● **What is expected**
From the records, return each line that has the word "ezdxf" in it.
START Data for the task
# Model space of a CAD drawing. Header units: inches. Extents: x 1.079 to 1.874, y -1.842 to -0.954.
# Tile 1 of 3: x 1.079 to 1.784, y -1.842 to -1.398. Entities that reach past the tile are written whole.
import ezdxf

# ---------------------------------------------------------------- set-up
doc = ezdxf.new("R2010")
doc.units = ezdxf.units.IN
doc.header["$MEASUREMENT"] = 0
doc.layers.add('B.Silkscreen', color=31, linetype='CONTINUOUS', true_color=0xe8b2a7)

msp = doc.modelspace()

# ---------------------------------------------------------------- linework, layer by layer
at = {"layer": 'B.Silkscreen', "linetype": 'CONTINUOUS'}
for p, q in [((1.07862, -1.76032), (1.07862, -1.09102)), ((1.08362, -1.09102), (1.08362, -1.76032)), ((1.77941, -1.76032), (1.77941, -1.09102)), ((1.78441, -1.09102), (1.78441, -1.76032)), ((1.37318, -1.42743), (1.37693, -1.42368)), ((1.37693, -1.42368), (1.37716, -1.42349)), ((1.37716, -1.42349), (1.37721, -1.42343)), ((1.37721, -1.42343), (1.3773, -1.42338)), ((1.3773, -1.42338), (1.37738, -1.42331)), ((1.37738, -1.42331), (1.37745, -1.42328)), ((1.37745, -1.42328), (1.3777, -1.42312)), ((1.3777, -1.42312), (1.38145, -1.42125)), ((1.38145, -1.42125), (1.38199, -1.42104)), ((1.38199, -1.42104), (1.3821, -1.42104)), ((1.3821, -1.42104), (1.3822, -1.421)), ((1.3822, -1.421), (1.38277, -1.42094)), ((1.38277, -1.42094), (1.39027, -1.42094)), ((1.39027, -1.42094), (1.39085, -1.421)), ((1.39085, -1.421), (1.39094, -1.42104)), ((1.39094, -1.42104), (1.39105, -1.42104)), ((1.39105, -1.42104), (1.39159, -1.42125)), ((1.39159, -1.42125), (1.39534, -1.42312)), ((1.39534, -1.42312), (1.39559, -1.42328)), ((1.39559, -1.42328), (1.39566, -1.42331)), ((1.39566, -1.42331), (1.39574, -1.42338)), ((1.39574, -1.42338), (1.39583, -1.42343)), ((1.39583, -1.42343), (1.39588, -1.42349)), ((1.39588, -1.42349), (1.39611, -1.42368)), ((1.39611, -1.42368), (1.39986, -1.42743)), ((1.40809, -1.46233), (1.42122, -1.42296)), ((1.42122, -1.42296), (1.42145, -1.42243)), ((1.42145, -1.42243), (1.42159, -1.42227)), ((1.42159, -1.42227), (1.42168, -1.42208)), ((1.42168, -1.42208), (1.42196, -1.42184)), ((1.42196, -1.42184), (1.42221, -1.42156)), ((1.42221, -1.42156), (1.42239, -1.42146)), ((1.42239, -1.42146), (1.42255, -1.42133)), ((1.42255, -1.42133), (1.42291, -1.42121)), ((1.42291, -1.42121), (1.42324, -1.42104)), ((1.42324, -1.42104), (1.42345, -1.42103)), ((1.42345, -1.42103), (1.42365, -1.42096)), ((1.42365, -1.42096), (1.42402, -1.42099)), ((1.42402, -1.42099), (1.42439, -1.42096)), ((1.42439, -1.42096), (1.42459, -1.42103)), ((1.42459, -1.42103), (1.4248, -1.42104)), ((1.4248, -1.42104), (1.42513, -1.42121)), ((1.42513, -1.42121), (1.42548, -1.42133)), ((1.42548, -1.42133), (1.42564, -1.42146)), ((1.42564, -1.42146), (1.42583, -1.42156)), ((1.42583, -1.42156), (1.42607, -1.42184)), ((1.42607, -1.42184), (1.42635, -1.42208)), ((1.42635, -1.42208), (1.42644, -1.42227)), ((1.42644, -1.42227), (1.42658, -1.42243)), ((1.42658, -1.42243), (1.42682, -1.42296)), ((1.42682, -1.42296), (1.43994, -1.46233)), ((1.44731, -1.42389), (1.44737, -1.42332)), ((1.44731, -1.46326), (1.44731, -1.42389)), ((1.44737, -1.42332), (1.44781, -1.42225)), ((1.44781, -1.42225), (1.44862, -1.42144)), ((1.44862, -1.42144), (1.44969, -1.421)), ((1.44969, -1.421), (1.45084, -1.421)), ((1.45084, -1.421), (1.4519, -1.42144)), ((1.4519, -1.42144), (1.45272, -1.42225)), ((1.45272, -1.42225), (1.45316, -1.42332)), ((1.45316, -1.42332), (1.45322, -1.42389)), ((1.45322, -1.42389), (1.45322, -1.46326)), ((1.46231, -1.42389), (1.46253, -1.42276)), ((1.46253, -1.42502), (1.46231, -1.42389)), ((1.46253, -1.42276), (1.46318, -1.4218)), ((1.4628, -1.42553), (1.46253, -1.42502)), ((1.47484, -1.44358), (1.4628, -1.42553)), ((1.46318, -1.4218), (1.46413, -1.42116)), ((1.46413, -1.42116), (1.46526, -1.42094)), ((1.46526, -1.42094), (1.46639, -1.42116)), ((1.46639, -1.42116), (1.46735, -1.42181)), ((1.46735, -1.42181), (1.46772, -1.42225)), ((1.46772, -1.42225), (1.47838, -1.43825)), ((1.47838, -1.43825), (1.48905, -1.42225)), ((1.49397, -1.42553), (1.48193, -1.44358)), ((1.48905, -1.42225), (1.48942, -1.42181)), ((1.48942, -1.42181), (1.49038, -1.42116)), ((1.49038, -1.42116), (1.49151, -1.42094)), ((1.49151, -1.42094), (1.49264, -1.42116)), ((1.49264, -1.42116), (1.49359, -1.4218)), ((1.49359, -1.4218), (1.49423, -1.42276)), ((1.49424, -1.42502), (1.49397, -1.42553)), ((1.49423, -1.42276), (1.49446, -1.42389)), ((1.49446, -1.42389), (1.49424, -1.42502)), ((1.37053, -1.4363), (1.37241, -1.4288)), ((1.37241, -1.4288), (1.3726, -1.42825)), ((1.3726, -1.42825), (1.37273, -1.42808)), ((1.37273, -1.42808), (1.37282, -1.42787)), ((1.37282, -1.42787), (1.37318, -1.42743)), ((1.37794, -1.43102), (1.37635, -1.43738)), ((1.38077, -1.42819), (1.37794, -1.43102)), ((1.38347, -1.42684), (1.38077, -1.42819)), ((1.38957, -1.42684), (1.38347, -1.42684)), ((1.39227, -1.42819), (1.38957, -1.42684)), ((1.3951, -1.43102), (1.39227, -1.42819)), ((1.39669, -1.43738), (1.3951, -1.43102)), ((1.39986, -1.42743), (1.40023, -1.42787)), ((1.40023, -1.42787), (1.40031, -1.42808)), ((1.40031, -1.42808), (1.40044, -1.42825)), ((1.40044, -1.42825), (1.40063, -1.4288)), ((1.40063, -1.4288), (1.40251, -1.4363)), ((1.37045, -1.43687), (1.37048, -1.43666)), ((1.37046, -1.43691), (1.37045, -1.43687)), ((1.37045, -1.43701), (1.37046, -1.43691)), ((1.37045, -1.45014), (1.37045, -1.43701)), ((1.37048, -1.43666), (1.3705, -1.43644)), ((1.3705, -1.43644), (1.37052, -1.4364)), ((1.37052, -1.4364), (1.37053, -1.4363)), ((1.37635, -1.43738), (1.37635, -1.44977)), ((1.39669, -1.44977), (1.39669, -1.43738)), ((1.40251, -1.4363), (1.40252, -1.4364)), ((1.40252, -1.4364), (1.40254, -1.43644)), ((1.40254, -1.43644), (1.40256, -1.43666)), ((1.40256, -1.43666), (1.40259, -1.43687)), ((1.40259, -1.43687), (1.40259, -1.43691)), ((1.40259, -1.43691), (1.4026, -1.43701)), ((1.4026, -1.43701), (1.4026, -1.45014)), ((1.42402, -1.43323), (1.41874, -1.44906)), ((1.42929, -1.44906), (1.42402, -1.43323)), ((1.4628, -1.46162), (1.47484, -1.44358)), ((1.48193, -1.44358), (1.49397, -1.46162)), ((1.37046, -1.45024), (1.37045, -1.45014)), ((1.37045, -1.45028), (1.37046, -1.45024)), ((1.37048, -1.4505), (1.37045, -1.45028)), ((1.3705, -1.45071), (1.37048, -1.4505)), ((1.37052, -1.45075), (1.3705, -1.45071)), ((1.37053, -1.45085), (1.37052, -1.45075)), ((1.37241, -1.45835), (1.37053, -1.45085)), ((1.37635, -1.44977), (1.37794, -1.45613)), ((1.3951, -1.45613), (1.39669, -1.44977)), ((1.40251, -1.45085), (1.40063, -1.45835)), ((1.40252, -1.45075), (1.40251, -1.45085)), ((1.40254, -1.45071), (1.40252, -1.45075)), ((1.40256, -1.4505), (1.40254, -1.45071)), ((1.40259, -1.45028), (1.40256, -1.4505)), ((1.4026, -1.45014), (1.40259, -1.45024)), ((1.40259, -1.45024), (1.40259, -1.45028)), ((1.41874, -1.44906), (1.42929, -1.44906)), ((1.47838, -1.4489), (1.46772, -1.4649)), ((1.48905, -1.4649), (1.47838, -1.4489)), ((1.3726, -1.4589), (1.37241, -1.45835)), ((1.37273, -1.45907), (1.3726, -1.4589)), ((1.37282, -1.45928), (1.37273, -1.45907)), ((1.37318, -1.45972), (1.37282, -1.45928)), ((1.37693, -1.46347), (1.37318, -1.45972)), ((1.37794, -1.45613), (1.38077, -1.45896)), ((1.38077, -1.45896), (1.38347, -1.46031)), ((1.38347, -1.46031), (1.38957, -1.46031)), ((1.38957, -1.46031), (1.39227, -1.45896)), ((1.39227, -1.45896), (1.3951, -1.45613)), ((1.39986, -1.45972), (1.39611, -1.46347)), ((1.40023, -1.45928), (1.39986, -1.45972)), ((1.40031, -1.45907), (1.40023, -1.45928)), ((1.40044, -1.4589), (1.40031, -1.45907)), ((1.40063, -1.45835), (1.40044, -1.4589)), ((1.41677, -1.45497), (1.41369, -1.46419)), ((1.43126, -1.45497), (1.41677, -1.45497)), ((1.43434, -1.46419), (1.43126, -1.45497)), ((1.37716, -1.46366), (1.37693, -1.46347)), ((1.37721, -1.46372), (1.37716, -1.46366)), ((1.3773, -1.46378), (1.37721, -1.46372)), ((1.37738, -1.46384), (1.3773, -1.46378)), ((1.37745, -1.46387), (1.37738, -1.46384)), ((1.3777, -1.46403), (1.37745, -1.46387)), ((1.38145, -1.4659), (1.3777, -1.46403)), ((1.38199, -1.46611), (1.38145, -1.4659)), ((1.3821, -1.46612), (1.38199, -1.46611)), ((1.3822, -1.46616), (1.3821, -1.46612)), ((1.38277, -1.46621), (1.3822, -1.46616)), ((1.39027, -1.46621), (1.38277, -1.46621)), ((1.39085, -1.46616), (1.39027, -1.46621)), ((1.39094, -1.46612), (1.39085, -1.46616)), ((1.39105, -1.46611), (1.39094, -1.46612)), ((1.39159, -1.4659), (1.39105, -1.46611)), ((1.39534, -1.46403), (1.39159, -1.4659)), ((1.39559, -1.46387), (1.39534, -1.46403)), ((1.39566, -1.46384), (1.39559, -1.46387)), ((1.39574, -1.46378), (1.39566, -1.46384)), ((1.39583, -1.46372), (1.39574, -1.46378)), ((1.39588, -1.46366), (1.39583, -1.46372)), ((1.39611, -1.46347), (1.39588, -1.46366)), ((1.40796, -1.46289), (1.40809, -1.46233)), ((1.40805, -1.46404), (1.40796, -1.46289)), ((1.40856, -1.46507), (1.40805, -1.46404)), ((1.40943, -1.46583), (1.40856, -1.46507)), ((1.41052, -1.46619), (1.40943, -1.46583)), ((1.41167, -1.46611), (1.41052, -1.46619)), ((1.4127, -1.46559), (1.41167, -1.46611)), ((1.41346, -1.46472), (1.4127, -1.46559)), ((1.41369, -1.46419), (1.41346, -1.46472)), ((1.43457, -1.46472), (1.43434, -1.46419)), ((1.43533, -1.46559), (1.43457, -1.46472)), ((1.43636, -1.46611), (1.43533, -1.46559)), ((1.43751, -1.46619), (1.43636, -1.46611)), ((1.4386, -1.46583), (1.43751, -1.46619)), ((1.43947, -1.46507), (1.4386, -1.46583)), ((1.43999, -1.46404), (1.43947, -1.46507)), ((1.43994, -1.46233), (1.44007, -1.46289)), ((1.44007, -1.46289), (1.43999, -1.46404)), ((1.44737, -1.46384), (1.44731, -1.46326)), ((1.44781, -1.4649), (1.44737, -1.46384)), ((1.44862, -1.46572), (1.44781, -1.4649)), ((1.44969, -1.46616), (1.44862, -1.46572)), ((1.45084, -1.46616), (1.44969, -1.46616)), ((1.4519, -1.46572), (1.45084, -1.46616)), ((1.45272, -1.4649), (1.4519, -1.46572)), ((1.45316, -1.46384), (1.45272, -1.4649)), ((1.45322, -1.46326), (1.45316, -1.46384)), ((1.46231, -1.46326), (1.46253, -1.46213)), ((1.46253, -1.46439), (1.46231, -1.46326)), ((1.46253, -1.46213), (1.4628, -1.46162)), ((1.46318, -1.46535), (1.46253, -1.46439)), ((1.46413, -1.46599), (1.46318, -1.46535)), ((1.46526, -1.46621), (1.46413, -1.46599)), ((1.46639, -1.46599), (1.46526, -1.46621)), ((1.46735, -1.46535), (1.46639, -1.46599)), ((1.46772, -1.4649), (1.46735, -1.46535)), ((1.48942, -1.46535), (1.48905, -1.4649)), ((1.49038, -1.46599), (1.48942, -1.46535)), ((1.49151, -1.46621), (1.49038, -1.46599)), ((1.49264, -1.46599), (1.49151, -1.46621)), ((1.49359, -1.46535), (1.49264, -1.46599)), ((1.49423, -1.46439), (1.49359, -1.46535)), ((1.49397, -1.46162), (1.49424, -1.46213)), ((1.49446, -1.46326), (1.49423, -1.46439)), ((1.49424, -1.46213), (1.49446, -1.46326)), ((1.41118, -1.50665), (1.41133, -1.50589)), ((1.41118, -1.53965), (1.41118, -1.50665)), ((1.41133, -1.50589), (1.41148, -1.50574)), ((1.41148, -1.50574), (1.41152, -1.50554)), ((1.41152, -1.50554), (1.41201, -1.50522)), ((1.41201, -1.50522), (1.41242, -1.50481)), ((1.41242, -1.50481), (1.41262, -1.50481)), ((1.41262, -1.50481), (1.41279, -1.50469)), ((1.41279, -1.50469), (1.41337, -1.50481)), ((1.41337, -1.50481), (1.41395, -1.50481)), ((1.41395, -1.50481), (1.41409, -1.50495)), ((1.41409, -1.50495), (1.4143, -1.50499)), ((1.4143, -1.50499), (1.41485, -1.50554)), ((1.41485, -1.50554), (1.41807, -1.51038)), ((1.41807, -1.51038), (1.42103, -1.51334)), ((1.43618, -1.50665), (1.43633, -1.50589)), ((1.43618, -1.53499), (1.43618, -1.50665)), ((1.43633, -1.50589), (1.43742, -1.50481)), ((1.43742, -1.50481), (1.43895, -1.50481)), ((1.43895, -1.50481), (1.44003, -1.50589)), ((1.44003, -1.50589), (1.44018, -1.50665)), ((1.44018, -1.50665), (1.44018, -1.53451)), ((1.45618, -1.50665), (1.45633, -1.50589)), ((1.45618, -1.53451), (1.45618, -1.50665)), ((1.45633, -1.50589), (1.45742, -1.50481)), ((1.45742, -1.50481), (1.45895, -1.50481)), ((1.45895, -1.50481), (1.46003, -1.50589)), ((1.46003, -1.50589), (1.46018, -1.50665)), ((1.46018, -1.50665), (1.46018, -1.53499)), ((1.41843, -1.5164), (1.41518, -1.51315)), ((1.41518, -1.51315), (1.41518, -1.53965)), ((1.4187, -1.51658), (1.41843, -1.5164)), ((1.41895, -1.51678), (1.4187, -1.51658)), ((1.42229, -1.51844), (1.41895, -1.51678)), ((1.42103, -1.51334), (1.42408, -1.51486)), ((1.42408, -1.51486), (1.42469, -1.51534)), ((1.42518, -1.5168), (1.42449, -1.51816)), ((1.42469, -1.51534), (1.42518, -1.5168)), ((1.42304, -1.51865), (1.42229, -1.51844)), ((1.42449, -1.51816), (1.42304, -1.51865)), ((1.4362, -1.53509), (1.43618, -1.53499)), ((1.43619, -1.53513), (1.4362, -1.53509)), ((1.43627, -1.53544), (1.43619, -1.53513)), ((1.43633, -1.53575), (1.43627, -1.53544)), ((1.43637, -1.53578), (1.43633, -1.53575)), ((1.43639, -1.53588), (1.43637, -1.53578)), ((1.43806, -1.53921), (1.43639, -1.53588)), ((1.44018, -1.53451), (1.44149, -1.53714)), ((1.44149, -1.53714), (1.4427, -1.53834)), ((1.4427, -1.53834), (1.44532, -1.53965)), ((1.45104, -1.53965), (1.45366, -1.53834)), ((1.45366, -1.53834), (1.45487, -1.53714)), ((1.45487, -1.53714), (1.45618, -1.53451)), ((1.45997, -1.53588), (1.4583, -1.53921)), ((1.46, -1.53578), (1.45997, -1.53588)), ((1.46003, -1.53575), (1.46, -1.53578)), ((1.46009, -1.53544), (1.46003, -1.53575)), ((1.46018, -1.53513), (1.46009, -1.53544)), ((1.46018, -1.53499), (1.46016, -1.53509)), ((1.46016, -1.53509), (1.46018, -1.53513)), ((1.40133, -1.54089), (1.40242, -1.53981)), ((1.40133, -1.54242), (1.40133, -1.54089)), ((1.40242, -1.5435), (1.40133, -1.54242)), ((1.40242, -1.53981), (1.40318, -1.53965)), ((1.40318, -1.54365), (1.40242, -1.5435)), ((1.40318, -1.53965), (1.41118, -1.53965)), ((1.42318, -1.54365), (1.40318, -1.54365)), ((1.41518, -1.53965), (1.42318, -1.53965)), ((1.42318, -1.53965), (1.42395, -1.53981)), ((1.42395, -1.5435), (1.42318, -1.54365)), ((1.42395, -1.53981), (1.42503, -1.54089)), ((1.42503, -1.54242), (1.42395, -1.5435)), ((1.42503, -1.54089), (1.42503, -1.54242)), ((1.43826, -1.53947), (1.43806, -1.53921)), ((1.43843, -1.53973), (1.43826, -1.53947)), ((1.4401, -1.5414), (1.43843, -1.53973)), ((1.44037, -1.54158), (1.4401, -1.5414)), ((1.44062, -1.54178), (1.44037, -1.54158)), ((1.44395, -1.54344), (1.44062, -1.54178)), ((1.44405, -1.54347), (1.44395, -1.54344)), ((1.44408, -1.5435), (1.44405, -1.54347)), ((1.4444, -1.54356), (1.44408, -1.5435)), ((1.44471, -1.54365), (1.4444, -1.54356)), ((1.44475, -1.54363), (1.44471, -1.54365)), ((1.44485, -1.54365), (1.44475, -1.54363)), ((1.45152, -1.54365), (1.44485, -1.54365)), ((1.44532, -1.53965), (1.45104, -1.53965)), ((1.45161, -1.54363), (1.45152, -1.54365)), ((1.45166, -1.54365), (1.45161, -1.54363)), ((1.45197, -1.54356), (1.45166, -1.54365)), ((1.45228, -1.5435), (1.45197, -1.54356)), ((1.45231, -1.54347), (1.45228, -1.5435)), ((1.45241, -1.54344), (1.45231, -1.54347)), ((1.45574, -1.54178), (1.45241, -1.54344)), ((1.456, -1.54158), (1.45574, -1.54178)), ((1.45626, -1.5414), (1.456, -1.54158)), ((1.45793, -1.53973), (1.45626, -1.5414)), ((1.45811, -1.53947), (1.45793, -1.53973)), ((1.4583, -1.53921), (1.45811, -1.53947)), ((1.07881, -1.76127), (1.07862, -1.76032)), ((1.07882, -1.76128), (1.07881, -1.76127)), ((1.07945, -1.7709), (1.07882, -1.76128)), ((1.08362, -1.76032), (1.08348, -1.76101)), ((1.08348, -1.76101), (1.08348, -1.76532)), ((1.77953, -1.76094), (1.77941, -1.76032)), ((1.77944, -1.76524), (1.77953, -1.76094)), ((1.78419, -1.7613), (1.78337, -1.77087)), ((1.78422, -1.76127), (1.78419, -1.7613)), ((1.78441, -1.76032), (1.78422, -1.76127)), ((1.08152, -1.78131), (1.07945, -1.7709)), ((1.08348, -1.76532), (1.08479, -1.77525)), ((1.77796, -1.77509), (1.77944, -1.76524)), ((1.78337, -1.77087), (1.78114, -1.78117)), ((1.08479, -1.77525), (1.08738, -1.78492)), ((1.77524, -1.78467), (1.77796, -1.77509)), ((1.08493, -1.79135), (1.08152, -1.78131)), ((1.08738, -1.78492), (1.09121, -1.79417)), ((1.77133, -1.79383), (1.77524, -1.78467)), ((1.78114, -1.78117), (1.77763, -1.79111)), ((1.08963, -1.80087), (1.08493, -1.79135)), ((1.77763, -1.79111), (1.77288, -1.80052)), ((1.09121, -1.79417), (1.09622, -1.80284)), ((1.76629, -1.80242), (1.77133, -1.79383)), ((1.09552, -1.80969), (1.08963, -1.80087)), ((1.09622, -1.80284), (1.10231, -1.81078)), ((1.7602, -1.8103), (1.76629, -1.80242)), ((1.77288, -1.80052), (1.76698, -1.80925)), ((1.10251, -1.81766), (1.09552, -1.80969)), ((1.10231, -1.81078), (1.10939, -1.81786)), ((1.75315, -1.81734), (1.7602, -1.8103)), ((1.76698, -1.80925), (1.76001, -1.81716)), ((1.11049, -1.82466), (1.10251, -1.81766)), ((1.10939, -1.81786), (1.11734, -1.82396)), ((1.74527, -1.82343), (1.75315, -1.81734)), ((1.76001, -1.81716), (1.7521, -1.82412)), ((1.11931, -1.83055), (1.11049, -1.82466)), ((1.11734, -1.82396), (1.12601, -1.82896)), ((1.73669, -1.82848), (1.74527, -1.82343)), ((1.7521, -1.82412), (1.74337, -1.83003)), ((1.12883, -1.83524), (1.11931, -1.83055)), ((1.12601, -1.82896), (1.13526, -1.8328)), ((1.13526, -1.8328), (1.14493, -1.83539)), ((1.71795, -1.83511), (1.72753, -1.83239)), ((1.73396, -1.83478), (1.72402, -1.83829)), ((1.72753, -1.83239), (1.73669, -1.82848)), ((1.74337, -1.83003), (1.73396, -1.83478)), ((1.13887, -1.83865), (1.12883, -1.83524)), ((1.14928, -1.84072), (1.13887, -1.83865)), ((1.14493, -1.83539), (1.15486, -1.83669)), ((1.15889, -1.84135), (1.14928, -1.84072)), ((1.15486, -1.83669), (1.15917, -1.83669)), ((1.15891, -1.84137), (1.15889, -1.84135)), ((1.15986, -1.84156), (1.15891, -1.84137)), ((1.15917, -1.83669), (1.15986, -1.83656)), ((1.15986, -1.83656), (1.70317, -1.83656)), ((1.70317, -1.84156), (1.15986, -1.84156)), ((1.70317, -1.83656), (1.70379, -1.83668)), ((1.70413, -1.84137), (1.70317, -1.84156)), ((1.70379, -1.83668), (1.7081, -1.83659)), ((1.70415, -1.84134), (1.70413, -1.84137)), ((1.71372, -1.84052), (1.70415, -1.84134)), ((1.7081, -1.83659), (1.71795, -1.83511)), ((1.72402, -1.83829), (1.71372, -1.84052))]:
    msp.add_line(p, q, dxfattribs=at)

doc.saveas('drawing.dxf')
END Data for the task
● **Exercise solution**
import ezdxf
doc = ezdxf.new("R2010")
doc.units = ezdxf.units.IN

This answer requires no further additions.